Reconsider (2015) - activatedgeek
https://m.signalvnoise.com/reconsider-41adf356857f
======
logicallee
He wrote a lot about how he didn't play the raising money game. Okay, I said
to myself: this will be interesting. He'll write about what he knows. I'll get
a glimpse into this life and what it's like to live it. Maybe he has more time
for oil painting and reading fiction than any Musk or Zuckerberg I've ever
read anything by. Maybe I'll decide to do things the same way he did.

But then for some reason, after he began by stating he did not try to make a
dent in the Universe or raise $100m - he proceeds to write about what it's
like to do so.

How would he know? This irrelevant stuff about stuff he doesn't know about is
just noise. Because he doesn't know.

If he wants me to pay attention to him (and the post is titled "reconsider")
he needs to write why. Not piss on someone else's corn flakes.

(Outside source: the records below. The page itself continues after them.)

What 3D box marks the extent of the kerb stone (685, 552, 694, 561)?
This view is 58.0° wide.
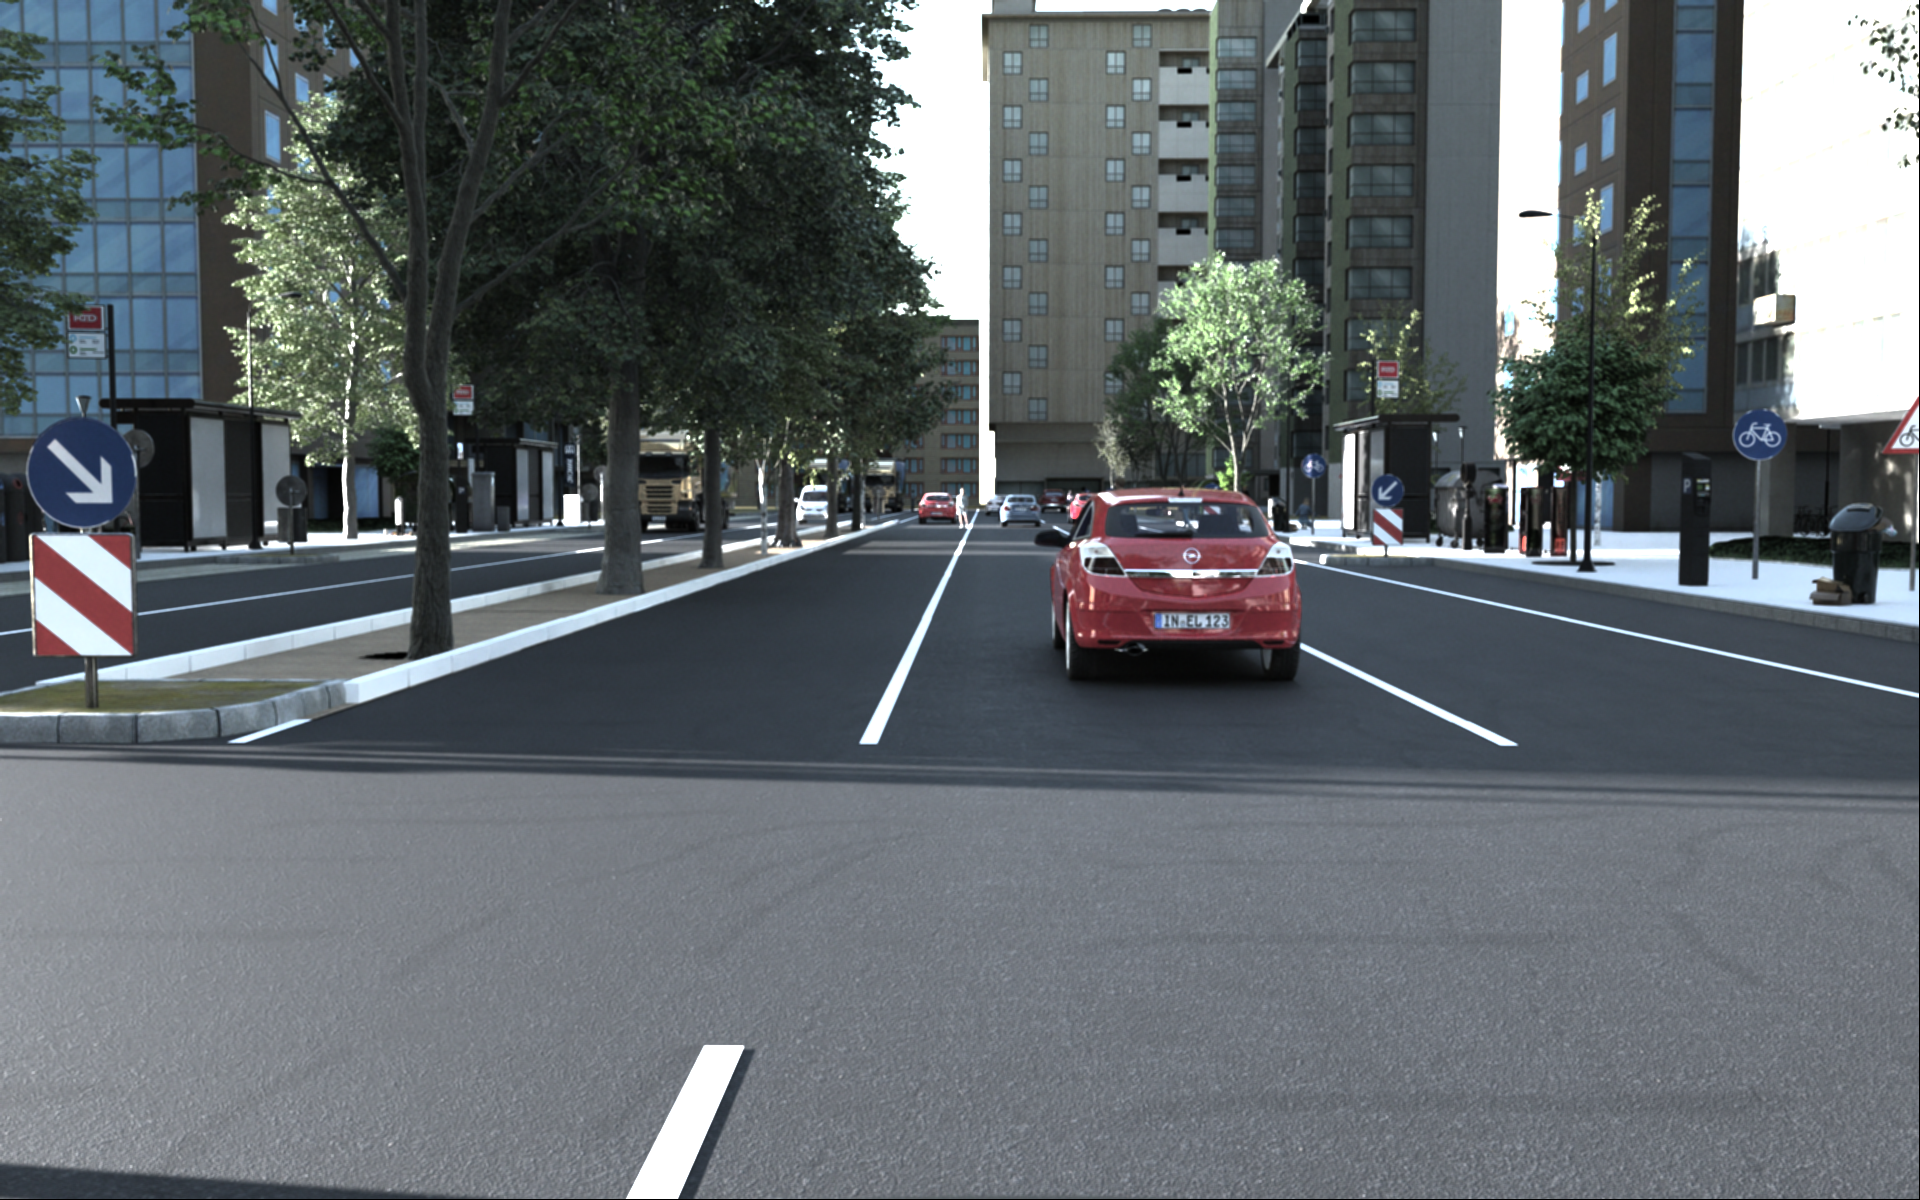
[{"bbox_3d":[-5.873,-0.898,36.889,0.120,0.150,1.000,0,4,1],"label":"kerb stone"}]

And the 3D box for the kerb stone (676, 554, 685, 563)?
[{"bbox_3d":[-5.891,-0.834,35.868,0.120,0.150,1.000,0,4,1],"label":"kerb stone"}]

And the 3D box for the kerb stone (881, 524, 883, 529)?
[{"bbox_3d":[-3.291,-2.902,69.706,0.120,0.150,1.000,0,4,1],"label":"kerb stone"}]

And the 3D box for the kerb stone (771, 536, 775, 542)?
[{"bbox_3d":[-5.653,-1.840,52.279,0.120,0.150,1.000,0,4,1],"label":"kerb stone"}]

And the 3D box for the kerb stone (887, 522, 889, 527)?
[{"bbox_3d":[-3.231,-3.147,73.807,0.120,0.150,1.000,0,4,1],"label":"kerb stone"}]

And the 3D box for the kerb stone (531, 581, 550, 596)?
[{"bbox_3d":[-6.052,-0.147,24.599,0.120,0.150,1.000,0,4,1],"label":"kerb stone"}]

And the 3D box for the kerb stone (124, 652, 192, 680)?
[{"bbox_3d":[-6.228,0.542,13.338,0.120,0.150,1.000,0,4,1],"label":"kerb stone"}]

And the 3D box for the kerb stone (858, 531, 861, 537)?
[{"bbox_3d":[-3.473,-2.151,57.394,0.120,0.150,1.000,0,4,1],"label":"kerb stone"}]

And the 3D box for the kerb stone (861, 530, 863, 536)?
[{"bbox_3d":[-3.455,-2.216,58.429,0.120,0.150,1.000,0,4,1],"label":"kerb stone"}]

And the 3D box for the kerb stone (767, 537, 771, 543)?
[{"bbox_3d":[-5.678,-1.714,50.232,0.120,0.150,1.000,0,4,1],"label":"kerb stone"}]

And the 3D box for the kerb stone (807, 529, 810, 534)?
[{"bbox_3d":[-5.515,-2.398,61.501,0.120,0.150,1.000,0,4,1],"label":"kerb stone"}]

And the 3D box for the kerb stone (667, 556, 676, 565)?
[{"bbox_3d":[-5.906,-0.774,34.844,0.120,0.150,1.000,0,4,1],"label":"kerb stone"}]

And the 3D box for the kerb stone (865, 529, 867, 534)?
[{"bbox_3d":[-3.421,-2.341,60.473,0.120,0.150,1.000,0,4,1],"label":"kerb stone"}]

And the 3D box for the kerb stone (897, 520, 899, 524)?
[{"bbox_3d":[-3.100,-3.654,81.999,0.120,0.150,1.000,0,4,1],"label":"kerb stone"}]

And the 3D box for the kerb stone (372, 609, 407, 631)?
[{"bbox_3d":[-6.146,0.229,18.453,0.120,0.150,1.000,0,4,1],"label":"kerb stone"}]

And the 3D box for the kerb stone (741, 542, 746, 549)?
[{"bbox_3d":[-5.757,-1.401,45.100,0.120,0.150,1.000,0,4,1],"label":"kerb stone"}]

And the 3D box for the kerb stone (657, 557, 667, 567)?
[{"bbox_3d":[-5.925,-0.710,33.822,0.120,0.150,1.000,0,4,1],"label":"kerb stone"}]

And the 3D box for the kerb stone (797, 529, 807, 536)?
[{"bbox_3d":[-5.531,-2.341,60.473,0.120,0.150,1.000,0,4,1],"label":"kerb stone"}]

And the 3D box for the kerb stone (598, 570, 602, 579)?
[{"bbox_3d":[-5.990,-0.398,28.704,0.120,0.150,1.000,0,4,1],"label":"kerb stone"}]

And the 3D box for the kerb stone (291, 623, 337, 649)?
[{"bbox_3d":[-6.175,0.354,16.404,0.120,0.150,1.000,0,4,1],"label":"kerb stone"}]

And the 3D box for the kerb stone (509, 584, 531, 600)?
[{"bbox_3d":[-6.069,-0.084,23.576,0.120,0.150,1.000,0,4,1],"label":"kerb stone"}]

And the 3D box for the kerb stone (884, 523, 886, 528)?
[{"bbox_3d":[-3.263,-3.031,71.756,0.120,0.150,1.000,0,4,1],"label":"kerb stone"}]

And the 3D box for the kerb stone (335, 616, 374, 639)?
[{"bbox_3d":[-6.159,0.292,17.426,0.120,0.150,1.000,0,4,1],"label":"kerb stone"}]

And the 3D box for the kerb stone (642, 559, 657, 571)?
[{"bbox_3d":[-5.933,-0.645,32.800,0.120,0.150,1.000,0,4,1],"label":"kerb stone"}]

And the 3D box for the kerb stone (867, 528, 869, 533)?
[{"bbox_3d":[-3.408,-2.402,61.503,0.120,0.150,1.000,0,4,1],"label":"kerb stone"}]

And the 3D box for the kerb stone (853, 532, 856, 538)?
[{"bbox_3d":[-3.508,-2.027,55.343,0.120,0.150,1.000,0,4,1],"label":"kerb stone"}]

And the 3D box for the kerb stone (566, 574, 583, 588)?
[{"bbox_3d":[-6.023,-0.273,26.655,0.120,0.150,1.000,0,4,1],"label":"kerb stone"}]

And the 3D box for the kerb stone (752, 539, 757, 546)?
[{"bbox_3d":[-5.729,-1.526,47.152,0.120,0.150,1.000,0,4,1],"label":"kerb stone"}]

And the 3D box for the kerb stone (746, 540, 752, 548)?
[{"bbox_3d":[-5.735,-1.464,46.127,0.120,0.150,1.000,0,4,1],"label":"kerb stone"}]

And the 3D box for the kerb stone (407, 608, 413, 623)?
[{"bbox_3d":[-6.135,0.166,19.477,0.120,0.150,1.000,0,4,1],"label":"kerb stone"}]

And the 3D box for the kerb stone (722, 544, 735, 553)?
[{"bbox_3d":[-5.785,-1.274,43.035,0.120,0.150,1.000,0,4,1],"label":"kerb stone"}]

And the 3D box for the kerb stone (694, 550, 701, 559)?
[{"bbox_3d":[-5.864,-0.961,37.912,0.120,0.150,1.000,0,4,1],"label":"kerb stone"}]

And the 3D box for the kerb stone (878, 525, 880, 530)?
[{"bbox_3d":[-3.319,-2.780,67.646,0.120,0.150,1.000,0,4,1],"label":"kerb stone"}]

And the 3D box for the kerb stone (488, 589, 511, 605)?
[{"bbox_3d":[-6.085,-0.019,22.554,0.120,0.150,1.000,0,4,1],"label":"kerb stone"}]

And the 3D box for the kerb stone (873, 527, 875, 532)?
[{"bbox_3d":[-3.373,-2.592,64.575,0.120,0.150,1.000,0,4,1],"label":"kerb stone"}]

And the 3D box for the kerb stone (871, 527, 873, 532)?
[{"bbox_3d":[-3.384,-2.529,63.552,0.120,0.150,1.000,0,4,1],"label":"kerb stone"}]

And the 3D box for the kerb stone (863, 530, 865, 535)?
[{"bbox_3d":[-3.441,-2.278,59.451,0.120,0.150,1.000,0,4,1],"label":"kerb stone"}]

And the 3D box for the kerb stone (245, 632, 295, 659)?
[{"bbox_3d":[-6.190,0.417,15.382,0.120,0.150,1.000,0,4,1],"label":"kerb stone"}]

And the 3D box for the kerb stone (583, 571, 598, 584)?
[{"bbox_3d":[-6.006,-0.335,27.679,0.120,0.150,1.000,0,4,1],"label":"kerb stone"}]

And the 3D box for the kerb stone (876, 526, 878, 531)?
[{"bbox_3d":[-3.336,-2.715,66.621,0.120,0.150,1.000,0,4,1],"label":"kerb stone"}]

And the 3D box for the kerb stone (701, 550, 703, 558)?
[{"bbox_3d":[-5.845,-1.024,38.934,0.120,0.150,1.000,0,4,1],"label":"kerb stone"}]

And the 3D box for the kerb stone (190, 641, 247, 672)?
[{"bbox_3d":[-6.206,0.479,14.360,0.120,0.150,1.000,0,4,1],"label":"kerb stone"}]

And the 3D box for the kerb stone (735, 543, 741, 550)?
[{"bbox_3d":[-5.765,-1.338,44.069,0.120,0.150,1.000,0,4,1],"label":"kerb stone"}]

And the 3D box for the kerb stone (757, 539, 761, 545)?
[{"bbox_3d":[-5.709,-1.589,48.183,0.120,0.150,1.000,0,4,1],"label":"kerb stone"}]

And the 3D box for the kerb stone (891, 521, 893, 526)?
[{"bbox_3d":[-3.187,-3.343,76.880,0.120,0.150,1.000,0,4,1],"label":"kerb stone"}]

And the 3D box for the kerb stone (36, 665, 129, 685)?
[{"bbox_3d":[-6.237,0.604,12.313,0.120,0.150,1.000,0,4,1],"label":"kerb stone"}]

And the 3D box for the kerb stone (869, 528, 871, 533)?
[{"bbox_3d":[-3.408,-2.462,62.526,0.120,0.150,1.000,0,4,1],"label":"kerb stone"}]

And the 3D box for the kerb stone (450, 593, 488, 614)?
[{"bbox_3d":[-6.101,0.041,21.524,0.120,0.150,1.000,0,4,1],"label":"kerb stone"}]

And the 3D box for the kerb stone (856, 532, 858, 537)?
[{"bbox_3d":[-3.486,-2.088,56.366,0.120,0.150,1.000,0,4,1],"label":"kerb stone"}]

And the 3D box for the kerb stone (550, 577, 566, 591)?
[{"bbox_3d":[-6.044,-0.206,25.621,0.120,0.150,1.000,0,4,1],"label":"kerb stone"}]

It _sounds_ like sour grapes to me. I mean, why even write about something you
don't know? Write what you do know...

>So first you take a lot of money from angels desperate to not miss out on the
next big unicorn. Then you take an obscene amount of money from VCs to inflate
your top-line growth, to entice the investment bankers that you might be
worthy of foisting upon the public markets, eventually, or a suitable tech
behemoth.

If you say so...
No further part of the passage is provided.